▶ Work task:
The required output is the line containing "Offer a very" followed by every later line through the end of the data, all reproduced exactly.
______
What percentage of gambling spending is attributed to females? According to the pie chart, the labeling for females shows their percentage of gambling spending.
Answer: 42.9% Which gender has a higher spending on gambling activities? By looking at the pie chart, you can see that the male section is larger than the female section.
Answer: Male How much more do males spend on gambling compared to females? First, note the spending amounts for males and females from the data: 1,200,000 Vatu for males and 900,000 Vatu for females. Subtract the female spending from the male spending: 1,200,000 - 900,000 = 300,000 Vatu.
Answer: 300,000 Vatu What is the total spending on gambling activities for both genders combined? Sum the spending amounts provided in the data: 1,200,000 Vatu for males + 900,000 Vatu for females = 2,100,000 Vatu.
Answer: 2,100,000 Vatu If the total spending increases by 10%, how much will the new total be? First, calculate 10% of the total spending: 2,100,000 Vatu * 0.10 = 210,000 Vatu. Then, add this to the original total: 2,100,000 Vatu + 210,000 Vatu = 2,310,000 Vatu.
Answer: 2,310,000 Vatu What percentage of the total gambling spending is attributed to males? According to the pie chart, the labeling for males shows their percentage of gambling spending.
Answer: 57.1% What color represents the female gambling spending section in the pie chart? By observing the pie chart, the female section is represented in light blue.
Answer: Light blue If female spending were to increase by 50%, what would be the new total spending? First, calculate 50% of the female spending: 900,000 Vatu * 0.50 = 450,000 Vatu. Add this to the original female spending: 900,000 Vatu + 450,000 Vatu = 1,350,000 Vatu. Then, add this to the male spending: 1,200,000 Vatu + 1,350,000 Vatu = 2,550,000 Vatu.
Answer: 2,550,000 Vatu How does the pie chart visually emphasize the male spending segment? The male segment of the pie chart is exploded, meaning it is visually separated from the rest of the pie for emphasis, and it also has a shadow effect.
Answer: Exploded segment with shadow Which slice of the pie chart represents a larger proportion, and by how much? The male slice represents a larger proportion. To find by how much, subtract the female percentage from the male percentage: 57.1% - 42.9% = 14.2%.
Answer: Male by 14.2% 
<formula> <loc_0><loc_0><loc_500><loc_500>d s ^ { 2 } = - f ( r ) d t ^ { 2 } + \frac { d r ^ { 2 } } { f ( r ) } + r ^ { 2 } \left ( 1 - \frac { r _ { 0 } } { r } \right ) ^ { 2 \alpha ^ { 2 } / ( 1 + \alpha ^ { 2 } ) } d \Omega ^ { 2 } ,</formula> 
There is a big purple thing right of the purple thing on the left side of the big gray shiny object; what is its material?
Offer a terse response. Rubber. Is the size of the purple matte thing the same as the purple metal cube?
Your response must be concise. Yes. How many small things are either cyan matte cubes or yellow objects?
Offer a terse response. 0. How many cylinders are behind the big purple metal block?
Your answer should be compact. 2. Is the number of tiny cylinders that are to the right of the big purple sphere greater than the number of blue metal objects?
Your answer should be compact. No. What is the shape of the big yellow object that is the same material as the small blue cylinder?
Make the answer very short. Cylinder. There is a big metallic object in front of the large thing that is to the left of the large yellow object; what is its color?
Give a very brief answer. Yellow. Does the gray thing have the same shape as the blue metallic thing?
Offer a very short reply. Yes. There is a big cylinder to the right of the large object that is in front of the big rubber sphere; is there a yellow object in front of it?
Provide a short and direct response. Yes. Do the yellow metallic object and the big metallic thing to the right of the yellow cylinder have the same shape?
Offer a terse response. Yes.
______
▶ Completed exercise:
Offer a very short reply. Yes. There is a big cylinder to the right of the large object that is in front of the big rubber sphere; is there a yellow object in front of it?
Provide a short and direct response. Yes. Do the yellow metallic object and the big metallic thing to the right of the yellow cylinder have the same shape?
Offer a terse response. Yes.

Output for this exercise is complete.